-- RECORDS FOR THE EXERCISE --
-- Opening Marker --

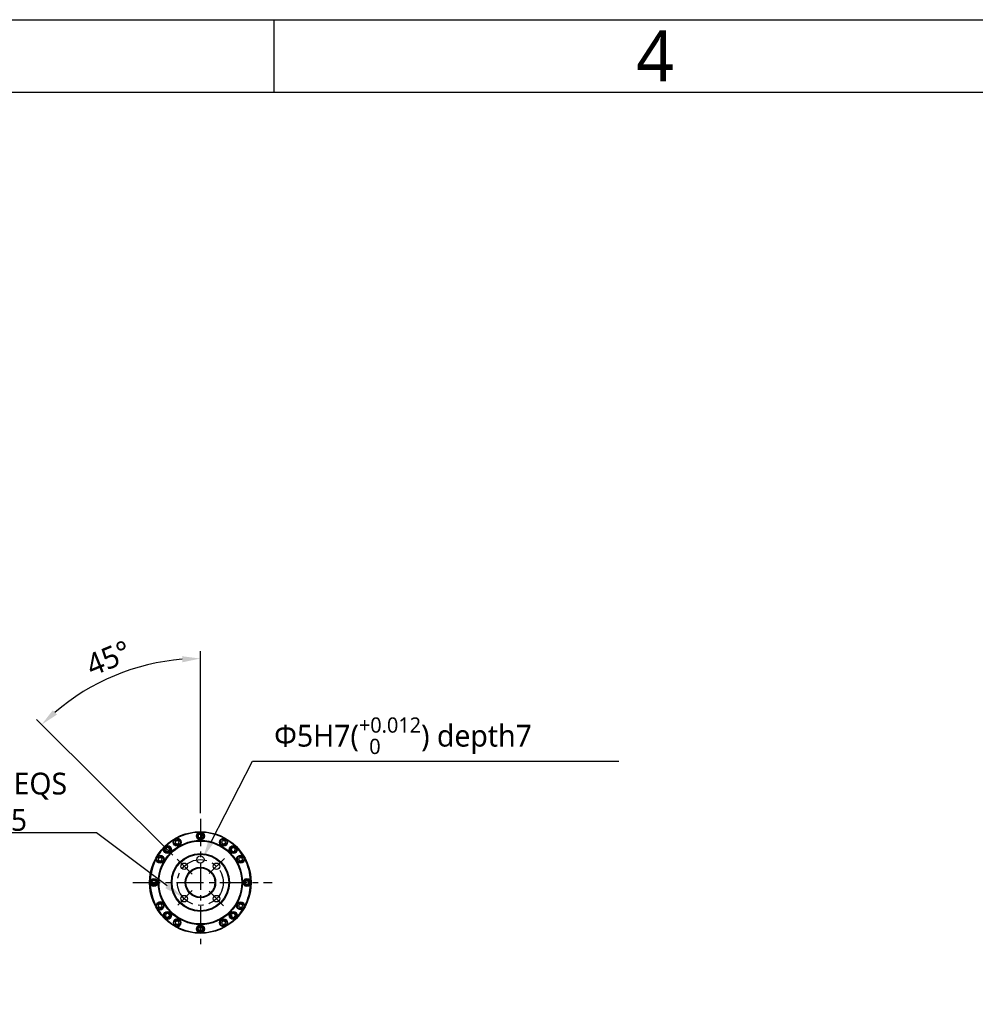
# Model space of a CAD drawing. Header units: millimetres. Extents: x 5828 to 6704, y 123 to 421.
# Tile 94 of 145: x 6424 to 6489, y 353 to 421. Entities that reach past the tile are written whole.
import ezdxf
from ezdxf import colors
from ezdxf.entities.mleader import LeaderData, LeaderLine
from ezdxf.enums import TextEntityAlignment as Align
from ezdxf.math import Vec2, Vec3

# ---------------------------------------------------------------- set-up
doc = ezdxf.new("R2010")
doc.units = ezdxf.units.MM
doc.linetypes.add('CENTER', pattern=[0.6, 0.375, -0.075, 0.075, -0.075])
for name, color, linetype in [('中心线', 7, 'Continuous'), ('外形图', 7, 'Continuous'), ('多重引线', 7, 'Continuous'), ('尺寸标注', 7, 'Continuous'), ('模板', 7, 'Continuous')]:
    doc.layers.add(name, color=color, linetype=linetype)
doc.styles.add('微软雅黑', font='msyh.ttc', dxfattribs={"height": 1.5})
doc.dimstyles.new('尺寸标注_细节_1_10比例', dxfattribs={"dimtxt": 1.5, "dimasz": 1.25, "dimexe": 0.5, "dimexo": 0.4, "dimgap": 0.5, "dimtad": 1, "dimlfac": 10, "dimdsep": 46, "dimtxsty": '微软雅黑', "dimcen": 0.09, "dimadec": 0, "dimazin": 0, "dimtp": 0.01, "dimtm": 0.01, "dimtfac": 1, "dimtofl": 0, "dimtmove": 0, "dimatfit": 3, "dimfxl": 1, "dimtolj": 1, "dimarcsym": 0})

# ---------------------------------------------------------------- blocks, each defined once
blk = doc.blocks.new('图纸页')
at = {"layer": '模板', "color": 2}
blk.add_line((6441.156, 420.623), (6441.156, 415.623), dxfattribs=at)
for points in [[(6283.656, 123.623), (6283.656, 420.623), (6703.656, 420.623), (6703.656, 123.623)], [(6308.656, 128.623), (6308.656, 415.623), (6698.656, 415.623), (6698.656, 128.623)]]:
    blk.add_lwpolyline(points, close=True, dxfattribs=at)
at = {"layer": '模板', "color": 2, "style": '微软雅黑'}
blk.add_text('4', height=3.5, dxfattribs=at).set_placement((6467.406, 418.123), align=Align.MIDDLE_CENTER)
for tag, height, p in [('编号', 4, (6669.32, 150.508)), ('当前页', 1.667, (6668.109, 141.186)), ('总页数', 1.667, (6673.318, 141.186)), ('比例', 1.667, (6628.656, 133.623))]:
    blk.add_attdef(tag, text='', height=height, dxfattribs=at).set_placement(p, align=Align.MIDDLE)
blk = doc.blocks.new('*D1134')
at = {"layer": 'Defpoints', "color": 0}
for p in [(6428.351, 374.562), (6436.09, 365.61), (6434.483, 362.833), (6435.518, 361.807), (6436.09, 356.87)]:
    blk.add_point(p, dxfattribs=at)
at = {"layer": '尺寸标注', "color": 0, "lineweight": -2}
for p, q in [((6436.09, 366.01), (6436.09, 377.147)), ((6434.199, 363.115), (6424.797, 372.443))]:
    blk.add_line(p, q, dxfattribs=at)
blk.add_arc((6436.09, 361.24), 15.407, 94.64966, 130.57954, dxfattribs=at)
at = {"layer": '尺寸标注', "color": 0}
for points in [[(6434.849, 376.388), (6434.832, 376.804), (6436.09, 376.647)], [(6425.925, 373.094), (6426.209, 372.789), (6425.152, 372.091)]]:
    blk.add_solid(points, dxfattribs=at)
at = {"layer": '尺寸标注', "color": 0, "insert": (6429.76, 376.671), "char_height": 1.5, "attachment_point": 5, "rotation": 22.30283, "style": '微软雅黑'}
blk.add_mtext('\\A1;45%%d', dxfattribs=at)

msp = doc.modelspace()

# ---------------------------------------------------------------- linework, layer by layer
at = {"layer": '中心线', "linetype": 'CENTER', "ltscale": 5}
for p, q in [((6436.0898, 365.6096), (6436.0898, 356.8696)), ((6434.4834, 362.8332), (6435.5183, 361.8065)), ((6437.74, 362.8766), (6436.7, 361.8449)), ((6431.4353, 361.2307), (6441.0236, 361.2307)), ((6434.5258, 359.6667), (6435.533, 360.6739)), ((6437.6879, 359.6326), (6436.6874, 360.6331))]:
    msp.add_line(p, q, dxfattribs=at)
msp.add_circle((6436.0898, 361.2307), 1.575, dxfattribs=at)
at = {"layer": '外形图', "color": 7, "linetype": 'Continuous'}
for p, q in [((6434.3878, 364.1041), (6434.3504, 363.9646)), ((6434.4525, 363.8626), (6434.3504, 363.9646)), ((6434.5272, 364.1414), (6434.3878, 364.1041)), ((6434.5272, 364.1414), (6434.6292, 364.0394)), ((6434.5919, 363.8999), (6434.6292, 364.0394)), ((6436.1371, 364.5763), (6435.966, 364.5207)), ((6435.966, 364.3407), (6435.966, 364.5207)), ((6435.966, 364.3407), (6436.1371, 364.2851)), ((6436.2429, 364.4307), (6436.1371, 364.5763)), ((6436.1371, 364.2851), (6436.2429, 364.4307)), ((6437.5504, 364.0394), (6437.6525, 364.1414)), ((6437.5504, 364.0394), (6437.5878, 363.8999)), ((6437.7919, 364.1041), (6437.6525, 364.1414)), ((6437.8292, 363.9646), (6437.7272, 363.8626)), ((6437.8292, 363.9646), (6437.7919, 364.1041)), ((6433.7576, 363.6299), (6433.6759, 363.4695)), ((6433.8031, 363.3422), (6433.6759, 363.4695)), ((6433.9354, 363.6017), (6433.7576, 363.6299)), ((6433.8031, 363.3422), (6433.9635, 363.4239)), ((6433.9635, 363.4239), (6433.9354, 363.6017)), ((6434.4525, 363.8626), (6434.5919, 363.8999)), ((6437.5878, 363.8999), (6437.7272, 363.8626)), ((6438.2013, 363.5174), (6438.3286, 363.6447)), ((6438.2013, 363.5174), (6438.2831, 363.357)), ((6438.2831, 363.357), (6438.4608, 363.3852)), ((6438.489, 363.563), (6438.3286, 363.6447)), ((6438.4608, 363.3852), (6438.489, 363.563)), ((6433.2165, 362.9328), (6433.1791, 362.7934)), ((6433.2812, 362.6913), (6433.1791, 362.7934)), ((6433.3559, 362.9701), (6433.2165, 362.9328)), ((6433.2812, 362.6913), (6433.4206, 362.7287)), ((6433.3559, 362.9701), (6433.458, 362.8681)), ((6433.4206, 362.7287), (6433.458, 362.8681)), ((6438.7217, 362.8681), (6438.8238, 362.9701)), ((6438.7217, 362.8681), (6438.759, 362.7287)), ((6438.759, 362.7287), (6438.8985, 362.6913)), ((6438.9632, 362.9328), (6438.8238, 362.9701)), ((6439.0005, 362.7934), (6438.8985, 362.6913)), ((6439.0005, 362.7934), (6438.9632, 362.9328)), ((6432.8898, 361.3838), (6432.7442, 361.278)), ((6432.7442, 361.278), (6432.7998, 361.1068)), ((6433.0355, 361.278), (6432.8898, 361.3838)), ((6432.9798, 361.1068), (6433.0355, 361.278)), ((6439.1998, 361.3546), (6439.1442, 361.1834)), ((6439.1998, 361.3546), (6439.3798, 361.3546)), ((6439.4355, 361.1834), (6439.3798, 361.3546)), ((6432.9798, 361.1068), (6432.7998, 361.1068)), ((6439.1442, 361.1834), (6439.2898, 361.0776)), ((6439.2898, 361.0776), (6439.4355, 361.1834)), ((6433.1791, 359.6681), (6433.2812, 359.7701)), ((6433.1791, 359.6681), (6433.2165, 359.5287)), ((6433.2165, 359.5287), (6433.3559, 359.4913)), ((6433.4206, 359.7328), (6433.2812, 359.7701)), ((6433.458, 359.5934), (6433.3559, 359.4913)), ((6433.458, 359.5934), (6433.4206, 359.7328)), ((6438.759, 359.7328), (6438.7217, 359.5934)), ((6438.8238, 359.4913), (6438.7217, 359.5934)), ((6438.8985, 359.7701), (6438.759, 359.7328)), ((6438.8238, 359.4913), (6438.9632, 359.5287)), ((6438.8985, 359.7701), (6439.0005, 359.6681)), ((6433.7188, 359.0762), (6433.6907, 358.8985)), ((6433.6907, 358.8985), (6433.851, 358.8167)), ((6433.8966, 359.1044), (6433.7188, 359.0762)), ((6433.9783, 358.944), (6433.851, 358.8167)), ((6433.9783, 358.944), (6433.8966, 359.1044)), ((6434.3504, 358.4968), (6434.4525, 358.5989)), ((6434.5919, 358.5615), (6434.4525, 358.5989)), ((6434.6292, 358.4221), (6434.5919, 358.5615)), ((6437.5878, 358.5615), (6437.5504, 358.4221)), ((6437.7272, 358.5989), (6437.5878, 358.5615)), ((6437.7272, 358.5989), (6437.8292, 358.4968)), ((6438.3765, 359.1192), (6438.2161, 359.0375)), ((6438.2161, 359.0375), (6438.2443, 358.8597)), ((6438.2443, 358.8597), (6438.4221, 358.8316)), ((6438.3765, 359.1192), (6438.5038, 358.9919)), ((6438.4221, 358.8316), (6438.5038, 358.9919)), ((6434.3504, 358.4968), (6434.3878, 358.3574)), ((6434.3878, 358.3574), (6434.5272, 358.32)), ((6434.6292, 358.4221), (6434.5272, 358.32)), ((6436.0425, 358.1763), (6435.9367, 358.0307)), ((6435.9367, 358.0307), (6436.0425, 357.8851)), ((6436.2137, 358.1207), (6436.0425, 358.1763)), ((6436.0425, 357.8851), (6436.2137, 357.9407)), ((6436.2137, 358.1207), (6436.2137, 357.9407)), ((6437.6525, 358.32), (6437.5504, 358.4221)), ((6437.6525, 358.32), (6437.7919, 358.3574)), ((6437.7919, 358.3574), (6437.8292, 358.4968))]:
    msp.add_line(p, q, dxfattribs=at)
for centre, radius in [((6436.0898, 361.2307), 3.5), ((6436.0898, 364.4307), 0.275), ((6436.0898, 364.4307), 0.25), ((6436.0898, 361.2307), 2.9), ((6436.0898, 361.2307), 2.85), ((6434.4898, 364.002), 0.275), ((6434.4898, 364.002), 0.225), ((6434.4898, 364.002), 0.125), ((6436.0898, 364.4307), 0.2), ((6437.6898, 364.002), 0.275), ((6437.6898, 364.002), 0.225), ((6437.6898, 364.002), 0.125), ((6433.8271, 363.4935), 0.275), ((6433.8271, 363.4935), 0.25), ((6433.8271, 363.4935), 0.2), ((6438.3526, 363.4935), 0.275), ((6438.3526, 363.4935), 0.25), ((6438.3526, 363.4935), 0.2), ((6433.3185, 362.8307), 0.275), ((6433.3185, 362.8307), 0.225), ((6433.3185, 362.8307), 0.125), ((6436.0898, 361.2307), 2), ((6436.0898, 361.2307), 1.95), ((6436.0898, 362.8057), 0.25), ((6438.8611, 362.8307), 0.275), ((6438.8611, 362.8307), 0.225), ((6438.8611, 362.8307), 0.125), ((6434.9761, 362.3444), 0.225), ((6436.0898, 361.2307), 1.05), ((6436.0898, 361.2307), 1), ((6437.2035, 362.3444), 0.225), ((6432.8898, 361.2307), 0.275), ((6432.8898, 361.2307), 0.25), ((6432.8898, 361.2307), 0.2), ((6439.2898, 361.2307), 0.275), ((6439.2898, 361.2307), 0.25), ((6439.2898, 361.2307), 0.2), ((6434.9761, 360.117), 0.225), ((6437.2035, 360.117), 0.225), ((6438.8611, 359.6307), 0.275), ((6433.3185, 359.6307), 0.225), ((6433.3185, 359.6307), 0.125), ((6433.8271, 358.968), 0.275), ((6433.8271, 358.968), 0.25), ((6438.3526, 358.968), 0.275), ((6438.3526, 358.968), 0.25), ((6438.8611, 359.6307), 0.225), ((6438.8611, 359.6307), 0.125), ((6433.8271, 358.968), 0.2), ((6434.4898, 358.4594), 0.225), ((6434.4898, 358.4594), 0.125), ((6437.6898, 358.4594), 0.275), ((6437.6898, 358.4594), 0.225), ((6437.6898, 358.4594), 0.125), ((6438.3526, 358.968), 0.2), ((6436.0898, 358.0307), 0.275), ((6436.0898, 358.0307), 0.25), ((6436.0898, 358.0307), 0.2)]:
    msp.add_circle(centre, radius, dxfattribs=at)
for centre, radius, start, end in [((6436.0898, 361.2307), 3.45, 91.975686, 118.024353), ((6436.0898, 361.2307), 3.45, 61.975647, 88.024639), ((6436.0898, 361.2307), 3.45, 121.975647, 133.024721), ((6436.0898, 361.2307), 3.45, 46.975807, 58.024353), ((6436.0898, 361.2307), 3.45, 136.975738, 148.024353), ((6436.0898, 361.2307), 3.45, 31.975647, 43.024709), ((6436.0898, 361.2307), 3.45, 151.975647, 178.024644), ((6436.0898, 361.2307), 3.45, 1.975697, 28.024353), ((6436.0898, 361.2307), 3.45, 181.975697, 208.024353), ((6436.0898, 361.2307), 3.45, 331.975647, 358.024644), ((6433.3185, 359.6307), 0.275, 135, 134.732926), ((6436.0898, 361.2307), 3.45, 211.975647, 223.024709), ((6436.0898, 361.2307), 3.45, 316.975738, 328.024353), ((6436.0898, 361.2307), 3.45, 226.975807, 238.024353), ((6434.4898, 358.4594), 0.275, 135, 134.732926), ((6436.0898, 361.2307), 3.45, 301.975647, 313.02472), ((6436.0898, 361.2307), 3.45, 241.975647, 268.024639), ((6436.0898, 361.2307), 3.45, 271.975686, 298.024353)]:
    msp.add_arc(centre, radius, start, end, dxfattribs=at)
msp.add_open_spline([(6436.0937, 364.7644), (6436.0937, 364.7596), (6436.0937, 364.7528), (6436.0936, 364.7445), (6436.0936, 364.7396), (6436.0935, 364.736), (6436.0937, 364.7331), (6436.0933, 364.7319), (6436.0937, 364.7307), (6436.0935, 364.7307)], degree=3, knots=[0, 0, 0, 0, 0.4301761, 0.6023817, 0.7444727, 0.8557876, 0.9357177, 0.9838717, 1, 1, 1, 1], dxfattribs=at)

# ---------------------------------------------------------------- block references
at = {"layer": '多重引线'}
msp.add_blockref('图纸页', (0, 0), dxfattribs=at)

# ---------------------------------------------------------------- dimensions: what is measured, and where the dimension line sits
at = {"layer": '尺寸标注'}
dim = msp.add_angular_dim_2l(base=(6428.3506, 374.5622), line1=((6434.4834, 362.8332), (6435.5183, 361.8065)), line2=((6436.0898, 365.6096), (6436.0898, 356.8696)), dimstyle='尺寸标注_细节_1_10比例', dxfattribs=at)
dim.commit()
dim.dimension.update_dxf_attribs({"geometry": '*D1134', "text_midpoint": (6430.2427, 375.4944), "dimtype": 162})

# ---------------------------------------------------------------- leaders
at = {"layer": '多重引线'}
ml = msp.add_multileader_mtext('Standard', dxfattribs=at)
ml.set_content('\\A1;{\\C256;Φ5H7({\\H0.7x;\\S+0.012^   0;}) depth7}', style='微软雅黑')
ml.set_leader_properties()
ml.build(insert=Vec2(0, 0))
ml.multileader.update_dxf_attribs({"text_left_attachment_type": 5, "text_right_attachment_type": 5, "dogleg_length": 1, "arrow_head_size": 1.25})
ctx = ml.context
ctx.base_point, ctx.char_height, ctx.arrow_head_size, ctx.landing_gap_size, ctx.plane_origin = Vec3(6440.6676, 369.5763), 1.5, 1.25, 0.5, Vec3(6436.0898, 362.8057)
ctx.left_attachment, ctx.right_attachment = 5, 5
notes = []
notes.append((ctx, [(0, (1, 1, 0), (6439.6676, 369.5763), (1, 0), 1, [(0, [(6436.2803, 362.9676)], 0, [])])]))
ctx.mtext.insert, ctx.mtext.flow_direction = Vec3(6441.1676, 372.5951), 5
ml = msp.add_multileader_mtext('Standard', dxfattribs=at)
ml.set_content('\\pxqc;4×M5 depth8 EQS\\PP.C.D {\\C256;Φ31.5}', style='微软雅黑')
ml.set_leader_properties()
ml.build(insert=Vec2(0, 0))
ml.multileader.update_dxf_attribs({"text_left_attachment_type": 5, "text_right_attachment_type": 5, "dogleg_length": 1, "arrow_head_size": 1.25})
ctx = ml.context
ctx.base_point, ctx.char_height, ctx.arrow_head_size, ctx.landing_gap_size, ctx.plane_origin = Vec3(6409.5159, 364.6451), 1.5, 1.25, 0.5, Vec3(6434.9761, 360.117)
ctx.left_attachment, ctx.right_attachment, ctx.text_align_type = 5, 5, 2
notes.append((ctx, [(0, (1, 1, 0), (6428.9436, 364.6451), (-1, 0), 1, [(0, [(6434.7962, 360.2521)], 0, [])])]))
ctx.mtext.insert, ctx.mtext.alignment, ctx.mtext.flow_direction = Vec3(6418.7298, 368.7894), 2, 5
for ctx, leaders in notes:
    for number, flags, end, landing, length, lines in leaders:
        leader = LeaderData()
        leader.index, (leader.has_last_leader_line, leader.has_dogleg_vector, leader.attachment_direction) = number, flags
        leader.last_leader_point, leader.dogleg_vector, leader.dogleg_length = Vec3(end), Vec3(landing), length
        for number, points, colour, breaks in lines:
            line = LeaderLine()
            line.index, line.vertices, line.color, line.breaks = number, Vec3.list(points), colors.encode_raw_color(colour), breaks
            leader.lines.append(line)
        ctx.leaders.append(leader)

doc.saveas('drawing.dxf')

-- Closing Marker --

-- WORK TASK --
Please give again the entries word for word, starting at the first line and ending with the line that contains "from ezdxf.enums import"; include both of those lines but none of the pictures.

-- WRITTEN SOLUTION --
# Model space of a CAD drawing. Header units: millimetres. Extents: x 5828 to 6704, y 123 to 421.
# Tile 94 of 145: x 6424 to 6489, y 353 to 421. Entities that reach past the tile are written whole.
import ezdxf
from ezdxf import colors
from ezdxf.entities.mleader import LeaderData, LeaderLine
from ezdxf.enums import TextEntityAlignment as Align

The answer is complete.